第2話 掌中の珠




 あの時以来、我の思考が止まらない。



 まるで生まれたばかりの赤子のように、自分自身の好奇心に歯止めがかからないのである。



 これまで人間の血の匂いを追い求め、それ以外に興味も示さなかった我であるが、人間以外の動物だけでなく花や樹木にまでその好奇の心が向いていく。


 そう、こんな名も分からぬ路傍の草までが、我の興味を惹かんと自己主張をするのだ。



 一体、何故こうなってしまったのか。



 風に任せてやってくる匂いを、フラフラと追いかけることももうやらなくなった。


 やらなくなって初めて気づいてしまった、我という存在は唯それだけだったのだということに。



 こうなった原因はやはりあれであろうか。



 人を喰らった事。



 そう、あの後からなのである、これほどまでに世界が一変してしまったのは。



 人を喰らった事で我の身に変化が生じた、そう考えるのが自然と謂えるだろう。



 となると、もう一度喰らえばさらに変化するのであろうか。

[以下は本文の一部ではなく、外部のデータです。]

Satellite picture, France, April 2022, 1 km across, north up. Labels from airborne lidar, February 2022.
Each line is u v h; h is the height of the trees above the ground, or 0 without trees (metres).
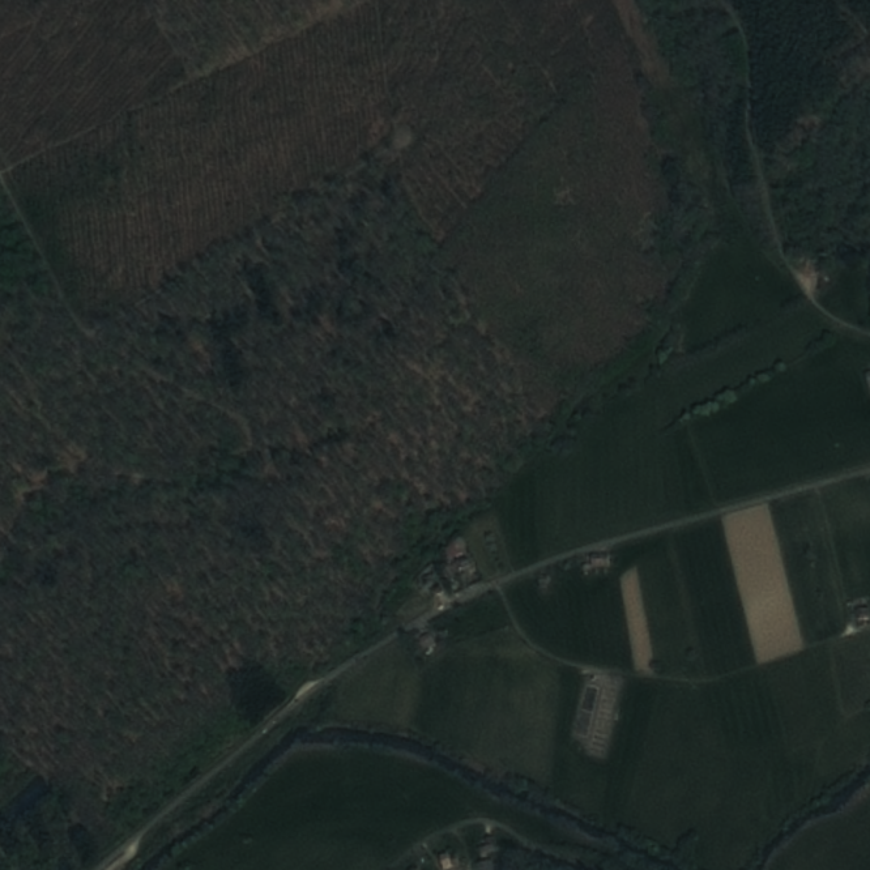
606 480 0
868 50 12
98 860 24
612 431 0
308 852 0
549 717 0
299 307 30
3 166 0
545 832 0
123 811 20
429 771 0
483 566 0
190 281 29
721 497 0
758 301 0
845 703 0
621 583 0
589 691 0
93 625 24
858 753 0
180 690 27
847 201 22
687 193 19
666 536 0
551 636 0
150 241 6
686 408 0
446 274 27
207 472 23
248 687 29
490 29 6
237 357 28
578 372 13
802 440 0
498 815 0
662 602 0
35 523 23
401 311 29
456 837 0
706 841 0
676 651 0
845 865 0
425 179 8
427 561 21
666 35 18
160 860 6
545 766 0
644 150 17
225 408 25
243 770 8
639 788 0
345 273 18
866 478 0
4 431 0
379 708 0
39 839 33
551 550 0
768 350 0
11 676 24
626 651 0
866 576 0
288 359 27
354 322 21
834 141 23
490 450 31
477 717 0
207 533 26
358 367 29
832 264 16
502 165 8
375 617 24
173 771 25
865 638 0
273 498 30
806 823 0
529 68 7
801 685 0
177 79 7
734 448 0
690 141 0
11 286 26
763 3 14
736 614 0
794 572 0
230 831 0
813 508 0
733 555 0
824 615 0
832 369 0
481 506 21
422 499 32
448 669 0
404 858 0
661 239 20
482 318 26
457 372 31
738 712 0
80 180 9
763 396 0
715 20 25
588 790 0
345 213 30
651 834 0
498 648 0
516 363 15
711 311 0
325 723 14
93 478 27
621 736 0
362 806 0
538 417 30
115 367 28
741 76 23
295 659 27
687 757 0
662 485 0
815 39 13
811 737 0
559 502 0
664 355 11
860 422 0
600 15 7
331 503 28
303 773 0
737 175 14
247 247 25
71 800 21
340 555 22
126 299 0
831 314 0
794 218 13
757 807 0
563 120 17
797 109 20

その可能性は低くはない……。



 ならば、試しにもう一度人を喰ろうてみれば判る事である。





 匂いは風が運んでくる。



 これを利用すれば効率よく人間を狩る事が出来るのである。


 実に簡単な事で、風下で風を待ち受けてやればよいのだ。そうすれば様々な匂いが何もせずとも向こうからやって来る。これまでのように、匂いを探して彷徨う必要はないのである。



 こんな事にも気付かなった以前の我を振り返りみるといかにも滑稽といえよう。


 しかし、自身の愚かさまでが見えてしまうというのは何とも厄介というものであるな。



 さて、風に乗って運ばれてくる人間の匂いは三つある。そのうちの二つの匂いは同じ場所にあるので獲物は二か所に絞られる。


 どちらを狙うかといえば、やはり狩りやすい単体の方をという事になろう。




 そう思い立った我は、風下から向かい風に逆らいながら匂いを辿っていく。



 すると、獣道のような所に一人の人間の男がうつ伏せ状態で倒れていた。


 息はしているようなので死んではいないようである。死んだ肉などは喰らいとうはないからの、やはり喰らうなら生が一番であろう。



 この森では時折こうして人が倒れている事がある。これまでは深くは考えてこなんだが、この間の男たちのやり取りで合点がいった。


 これは我に対する供物であるのだ。


 我の縄張りを通る対価に身を差し出そうというのだ。


 そう考えると誠に殊勝なことである。



 供物であるならば遠慮などはいらぬな。まあ、元より遠慮などしたことはないのだが。



 倒れている男を黒い靄が覆っていく。



 喰らうといっても、我には口が無いので吸収すると表現したほうが近いものがあるのだが。



「……ぐっ! うああぁぁ!! ぎゃあああぁぁぁ!!!」



 我に吸収される際の痛みで男が目を覚ましたようだ。


 どうやらかなりの激痛が走っている模様で、地面を這いずり回りなが悶え苦しんでいる。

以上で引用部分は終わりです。